[Records from a dataset]

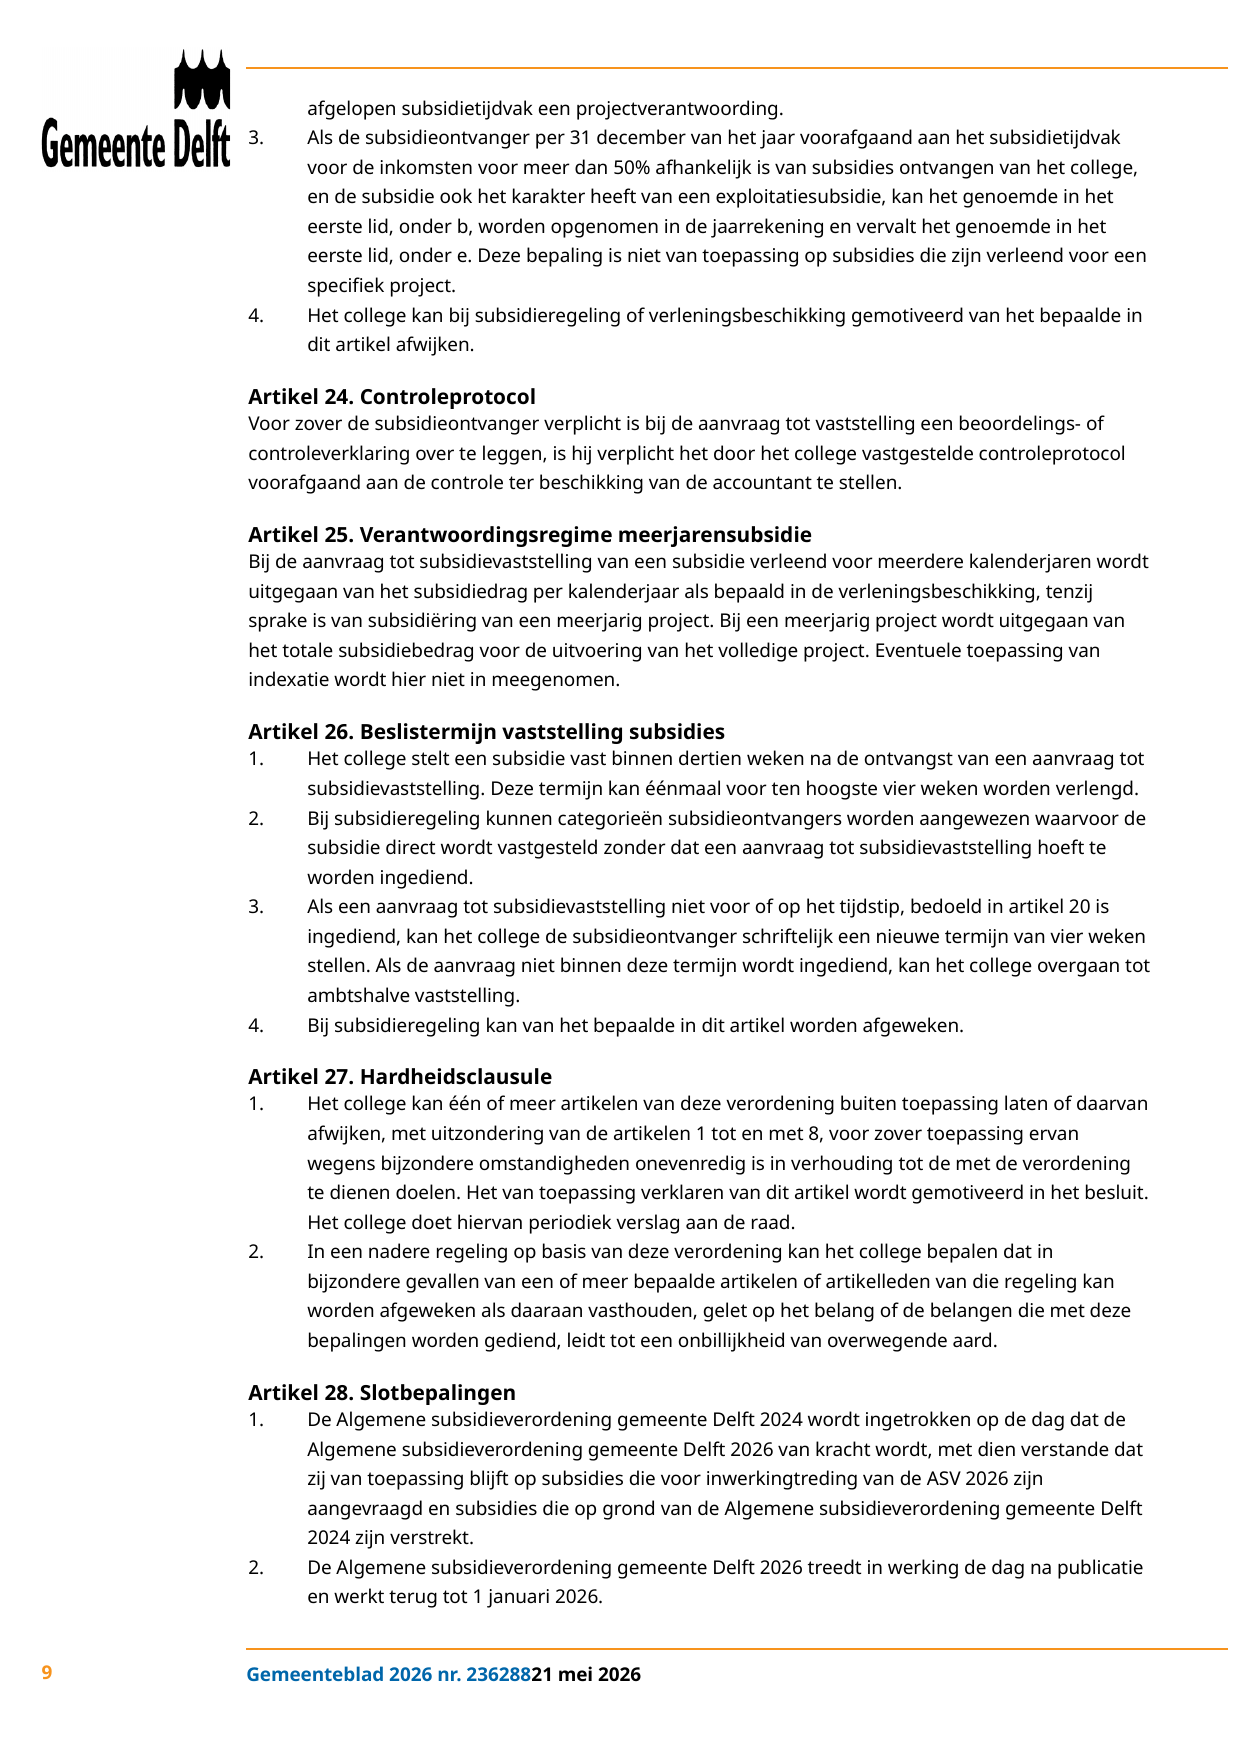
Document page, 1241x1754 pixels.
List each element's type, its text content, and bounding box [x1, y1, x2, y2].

list Als een aanvraag tot subsidievaststelling niet voor of op het tijdstip, bedoeld in artikel 20 is ingediend, kan het college de subsidieontvanger schriftelijk een nieuwe termijn van vier weken stellen. Als de aanvraag niet binnen deze termijn wordt ingediend, kan het college overgaan tot ambtshalve vaststelling. [248, 893, 1152, 1008]
text Bij de aanvraag tot subsidievaststelling van een subsidie verleend voor meerdere kalenderjaren wordt uitgegaan van het subsidiedrag per kalenderjaar als bepaald in de verleningsbeschikking, tenzij sprake is van subsidiëring van een meerjarig project. Bij een meerjarig project wordt uitgegaan van het totale subsidiebedrag voor de uitvoering van het volledige project. Eventuele toepassing van indexatie wordt hier niet in meegenomen. [248, 548, 1152, 692]
text Voor zover de subsidieontvanger verplicht is bij de aanvraag tot vaststelling een beoordelings- of controleverklaring over te leggen, is hij verplicht het door het college vastgestelde controleprotocol voorafgaand aan de controle ter beschikking van de accountant te stellen. [248, 410, 1152, 495]
list In een nadere regeling op basis van deze verordening kan het college bepalen dat in bijzondere gevallen van een of meer bepaalde artikelen of artikelleden van die regeling kan worden afgeweken als daaraan vasthouden, gelet op het belang of de belangen die met deze bepalingen worden gediend, leidt tot een onbillijkheid van overwegende aard. [248, 1238, 1152, 1353]
list Het college kan één of meer artikelen van deze verordening buiten toepassing laten of daarvan afwijken, met uitzondering van de artikelen 1 tot en met 8, voor zover toepassing ervan wegens bijzondere omstandigheden onevenredig is in verhouding tot de met de verordening te dienen doelen. Het van toepassing verklaren van dit artikel wordt gemotiveerd in het besluit. Het college doet hiervan periodiek verslag aan de raad. [248, 1091, 1152, 1235]
list Bij subsidieregeling kunnen categorieën subsidieontvangers worden aangewezen waarvoor de subsidie direct wordt vastgesteld zonder dat een aanvraag tot subsidievaststelling hoeft te worden ingediend. [248, 805, 1152, 889]
list Het college stelt een subsidie vast binnen dertien weken na de ontvangst van een aanvraag tot subsidievaststelling. Deze termijn kan éénmaal voor ten hoogste vier weken worden verlengd. [248, 746, 1152, 801]
picture [41, 47, 231, 172]
list afgelopen subsidietijdvak een projectverantwoording. [248, 95, 1152, 121]
list Bij subsidieregeling kan van het bepaalde in dit artikel worden afgeweken. [248, 1012, 1152, 1037]
list De Algemene subsidieverordening gemeente Delft 2026 treedt in werking de dag na publicatie en werkt terug tot 1 januari 2026. [248, 1554, 1152, 1609]
text Artikel 26. Beslistermijn vaststelling subsidies [248, 717, 1152, 746]
text Artikel 28. Slotbepalingen [248, 1378, 1152, 1406]
text Artikel 25. Verantwoordingsregime meerjarensubsidie [248, 520, 1152, 548]
list Als de subsidieontvanger per 31 december van het jaar voorafgaand aan het subsidietijdvak voor de inkomsten voor meer dan 50% afhankelijk is van subsidies ontvangen van het college, en de subsidie ook het karakter heeft van een exploitatiesubsidie, kan het genoemde in het eerste lid, onder b, worden opgenomen in de jaarrekening en vervalt het genoemde in het eerste lid, onder e. Deze bepaling is niet van toepassing op subsidies die zijn verleend voor een specifiek project. [248, 124, 1152, 298]
text Artikel 24. Controleprotocol [248, 382, 1152, 410]
text Artikel 27. Hardheidsclausule [248, 1062, 1152, 1091]
list Het college kan bij subsidieregeling of verleningsbeschikking gemotiveerd van het bepaalde in dit artikel afwijken. [248, 302, 1152, 357]
list De Algemene subsidieverordening gemeente Delft 2024 wordt ingetrokken op de dag dat de Algemene subsidieverordening gemeente Delft 2026 van kracht wordt, met dien verstande dat zij van toepassing blijft op subsidies die voor inwerkingtreding van de ASV 2026 zijn aangevraagd en subsidies die op grond van de Algemene subsidieverordening gemeente Delft 2024 zijn verstrekt. [248, 1406, 1152, 1550]
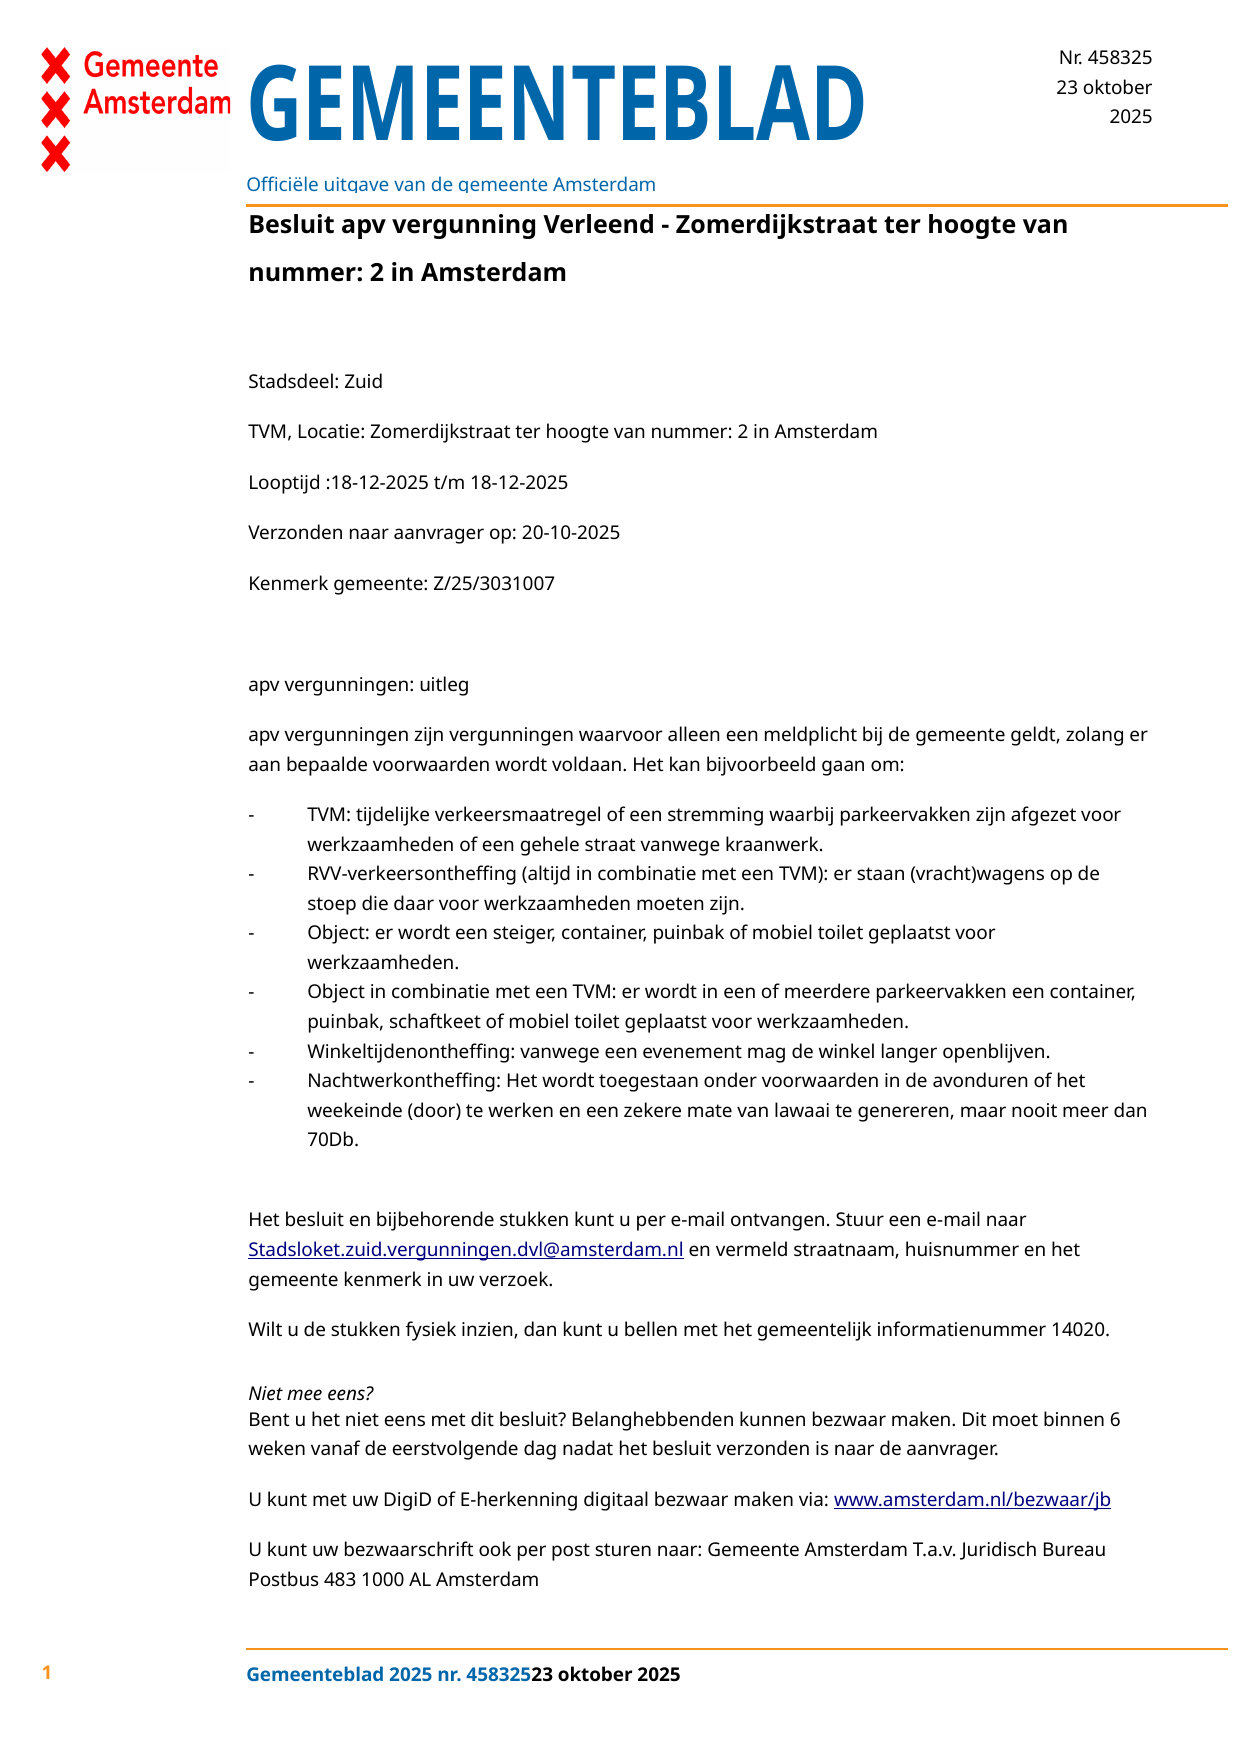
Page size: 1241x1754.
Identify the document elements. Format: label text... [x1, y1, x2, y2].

picture [41, 47, 231, 172]
text Bent u het niet eens met dit besluit? Belanghebbenden kunnen bezwaar maken. Dit moet binnen 6 weken vanaf de eerstvolgende dag nadat het besluit verzonden is naar de aanvrager. [248, 1406, 1152, 1461]
text apv vergunningen zijn vergunningen waarvoor alleen een meldplicht bij de gemeente geldt, zolang er aan bepaalde voorwaarden wordt voldaan. Het kan bijvoorbeeld gaan om: [248, 721, 1152, 777]
text Het besluit en bijbehorende stukken kunt u per e-mail ontvangen. Stuur een e-mail naar Stadsloket.zuid.vergunningen.dvl@amsterdam.nl en vermeld straatnaam, huisnummer en het gemeente kenmerk in uw verzoek. [248, 1207, 1152, 1292]
text TVM, Locatie: Zomerdijkstraat ter hoogte van nummer: 2 in Amsterdam [248, 419, 1152, 444]
text Verzonden naar aanvrager op: 20-10-2025 [248, 519, 1152, 545]
text Kenmerk gemeente: Z/25/3031007 [248, 570, 1152, 596]
text U kunt uw bezwaarschrift ook per post sturen naar: Gemeente Amsterdam T.a.v. Juridisch Bureau Postbus 483 1000 AL Amsterdam [248, 1536, 1152, 1592]
text Besluit apv vergunning Verleend - Zomerdijkstraat ter hoogte van nummer: 2 in Amsterdam [248, 207, 1152, 288]
text U kunt met uw DigiD of E-herkenning digitaal bezwaar maken via: www.amsterdam.nl/bezwaar/jb [248, 1486, 1152, 1512]
list Object in combinatie met een TVM: er wordt in een of meerdere parkeervakken een container, puinbak, schaftkeet of mobiel toilet geplaatst voor werkzaamheden. [248, 979, 1152, 1034]
text Looptijd :18-12-2025 t/m 18-12-2025 [248, 469, 1152, 495]
list RVV-verkeersontheffing (altijd in combinatie met een TVM): er staan (vracht)wagens op de stoep die daar voor werkzaamheden moeten zijn. [248, 860, 1152, 916]
text Wilt u de stukken fysiek inzien, dan kunt u bellen met het gemeentelijk informatienummer 14020. [248, 1316, 1152, 1342]
list Winkeltijdenontheffing: vanwege een evenement mag de winkel langer openblijven. [248, 1038, 1152, 1064]
text Niet mee eens? [248, 1380, 1152, 1406]
text apv vergunningen: uitleg [248, 671, 1152, 697]
list Nachtwerkontheffing: Het wordt toegestaan onder voorwaarden in de avonduren of het weekeinde (door) te werken en een zekere mate van lawaai te genereren, maar nooit meer dan 70Db. [248, 1067, 1152, 1152]
list Object: er wordt een steiger, container, puinbak of mobiel toilet geplaatst voor werkzaamheden. [248, 919, 1152, 975]
text Stadsdeel: Zuid [248, 368, 1152, 394]
list TVM: tijdelijke verkeersmaatregel of een stremming waarbij parkeervakken zijn afgezet voor werkzaamheden of een gehele straat vanwege kraanwerk. [248, 801, 1152, 857]

What is required :: Reproduce each line of the records above, exactly and without pictures.

Exercise answer ::
Document page, 1241x1754 pixels.
List each element's type, its text content, and bounding box [x1, y1, x2, y2].

list Als een aanvraag tot subsidievaststelling niet voor of op het tijdstip, bedoeld in artikel 20 is ingediend, kan het college de subsidieontvanger schriftelijk een nieuwe termijn van vier weken stellen. Als de aanvraag niet binnen deze termijn wordt ingediend, kan het college overgaan tot ambtshalve vaststelling. [248, 893, 1152, 1008]
text Bij de aanvraag tot subsidievaststelling van een subsidie verleend voor meerdere kalenderjaren wordt uitgegaan van het subsidiedrag per kalenderjaar als bepaald in de verleningsbeschikking, tenzij sprake is van subsidiëring van een meerjarig project. Bij een meerjarig project wordt uitgegaan van het totale subsidiebedrag voor de uitvoering van het volledige project. Eventuele toepassing van indexatie wordt hier niet in meegenomen. [248, 548, 1152, 692]
text Voor zover de subsidieontvanger verplicht is bij de aanvraag tot vaststelling een beoordelings- of controleverklaring over te leggen, is hij verplicht het door het college vastgestelde controleprotocol voorafgaand aan de controle ter beschikking van de accountant te stellen. [248, 410, 1152, 495]
list In een nadere regeling op basis van deze verordening kan het college bepalen dat in bijzondere gevallen van een of meer bepaalde artikelen of artikelleden van die regeling kan worden afgeweken als daaraan vasthouden, gelet op het belang of de belangen die met deze bepalingen worden gediend, leidt tot een onbillijkheid van overwegende aard. [248, 1238, 1152, 1353]
list Het college kan één of meer artikelen van deze verordening buiten toepassing laten of daarvan afwijken, met uitzondering van de artikelen 1 tot en met 8, voor zover toepassing ervan wegens bijzondere omstandigheden onevenredig is in verhouding tot de met de verordening te dienen doelen. Het van toepassing verklaren van dit artikel wordt gemotiveerd in het besluit. Het college doet hiervan periodiek verslag aan de raad. [248, 1091, 1152, 1235]
list Bij subsidieregeling kunnen categorieën subsidieontvangers worden aangewezen waarvoor de subsidie direct wordt vastgesteld zonder dat een aanvraag tot subsidievaststelling hoeft te worden ingediend. [248, 805, 1152, 889]
list Het college stelt een subsidie vast binnen dertien weken na de ontvangst van een aanvraag tot subsidievaststelling. Deze termijn kan éénmaal voor ten hoogste vier weken worden verlengd. [248, 746, 1152, 801]
picture [41, 47, 231, 172]
list afgelopen subsidietijdvak een projectverantwoording. [248, 95, 1152, 121]
list Bij subsidieregeling kan van het bepaalde in dit artikel worden afgeweken. [248, 1012, 1152, 1037]
list De Algemene subsidieverordening gemeente Delft 2026 treedt in werking de dag na publicatie en werkt terug tot 1 januari 2026. [248, 1554, 1152, 1609]
text Artikel 26. Beslistermijn vaststelling subsidies [248, 717, 1152, 746]
text Artikel 28. Slotbepalingen [248, 1378, 1152, 1406]
text Artikel 25. Verantwoordingsregime meerjarensubsidie [248, 520, 1152, 548]
list Als de subsidieontvanger per 31 december van het jaar voorafgaand aan het subsidietijdvak voor de inkomsten voor meer dan 50% afhankelijk is van subsidies ontvangen van het college, en de subsidie ook het karakter heeft van een exploitatiesubsidie, kan het genoemde in het eerste lid, onder b, worden opgenomen in de jaarrekening en vervalt het genoemde in het eerste lid, onder e. Deze bepaling is niet van toepassing op subsidies die zijn verleend voor een specifiek project. [248, 124, 1152, 298]
text Artikel 24. Controleprotocol [248, 382, 1152, 410]
text Artikel 27. Hardheidsclausule [248, 1062, 1152, 1091]
list Het college kan bij subsidieregeling of verleningsbeschikking gemotiveerd van het bepaalde in dit artikel afwijken. [248, 302, 1152, 357]
list De Algemene subsidieverordening gemeente Delft 2024 wordt ingetrokken op de dag dat de Algemene subsidieverordening gemeente Delft 2026 van kracht wordt, met dien verstande dat zij van toepassing blijft op subsidies die voor inwerkingtreding van de ASV 2026 zijn aangevraagd en subsidies die op grond van de Algemene subsidieverordening gemeente Delft 2024 zijn verstrekt. [248, 1406, 1152, 1550]
Page size: 1241x1754.
Identify the document elements. Format: label text... [x1, y1, x2, y2].

picture [41, 47, 231, 172]
text Bent u het niet eens met dit besluit? Belanghebbenden kunnen bezwaar maken. Dit moet binnen 6 weken vanaf de eerstvolgende dag nadat het besluit verzonden is naar de aanvrager. [248, 1406, 1152, 1461]
text apv vergunningen zijn vergunningen waarvoor alleen een meldplicht bij de gemeente geldt, zolang er aan bepaalde voorwaarden wordt voldaan. Het kan bijvoorbeeld gaan om: [248, 721, 1152, 777]
text Het besluit en bijbehorende stukken kunt u per e-mail ontvangen. Stuur een e-mail naar Stadsloket.zuid.vergunningen.dvl@amsterdam.nl en vermeld straatnaam, huisnummer en het gemeente kenmerk in uw verzoek. [248, 1207, 1152, 1292]
text TVM, Locatie: Zomerdijkstraat ter hoogte van nummer: 2 in Amsterdam [248, 419, 1152, 444]
text Verzonden naar aanvrager op: 20-10-2025 [248, 519, 1152, 545]
text Kenmerk gemeente: Z/25/3031007 [248, 570, 1152, 596]
text U kunt uw bezwaarschrift ook per post sturen naar: Gemeente Amsterdam T.a.v. Juridisch Bureau Postbus 483 1000 AL Amsterdam [248, 1536, 1152, 1592]
text Besluit apv vergunning Verleend - Zomerdijkstraat ter hoogte van nummer: 2 in Amsterdam [248, 207, 1152, 288]
text U kunt met uw DigiD of E-herkenning digitaal bezwaar maken via: www.amsterdam.nl/bezwaar/jb [248, 1486, 1152, 1512]
list Object in combinatie met een TVM: er wordt in een of meerdere parkeervakken een container, puinbak, schaftkeet of mobiel toilet geplaatst voor werkzaamheden. [248, 979, 1152, 1034]
text Looptijd :18-12-2025 t/m 18-12-2025 [248, 469, 1152, 495]
list RVV-verkeersontheffing (altijd in combinatie met een TVM): er staan (vracht)wagens op de stoep die daar voor werkzaamheden moeten zijn. [248, 860, 1152, 916]
text Wilt u de stukken fysiek inzien, dan kunt u bellen met het gemeentelijk informatienummer 14020. [248, 1316, 1152, 1342]
list Winkeltijdenontheffing: vanwege een evenement mag de winkel langer openblijven. [248, 1038, 1152, 1064]
text Niet mee eens? [248, 1380, 1152, 1406]
text apv vergunningen: uitleg [248, 671, 1152, 697]
list Nachtwerkontheffing: Het wordt toegestaan onder voorwaarden in de avonduren of het weekeinde (door) te werken en een zekere mate van lawaai te genereren, maar nooit meer dan 70Db. [248, 1067, 1152, 1152]
list Object: er wordt een steiger, container, puinbak of mobiel toilet geplaatst voor werkzaamheden. [248, 919, 1152, 975]
text Stadsdeel: Zuid [248, 368, 1152, 394]
list TVM: tijdelijke verkeersmaatregel of een stremming waarbij parkeervakken zijn afgezet voor werkzaamheden of een gehele straat vanwege kraanwerk. [248, 801, 1152, 857]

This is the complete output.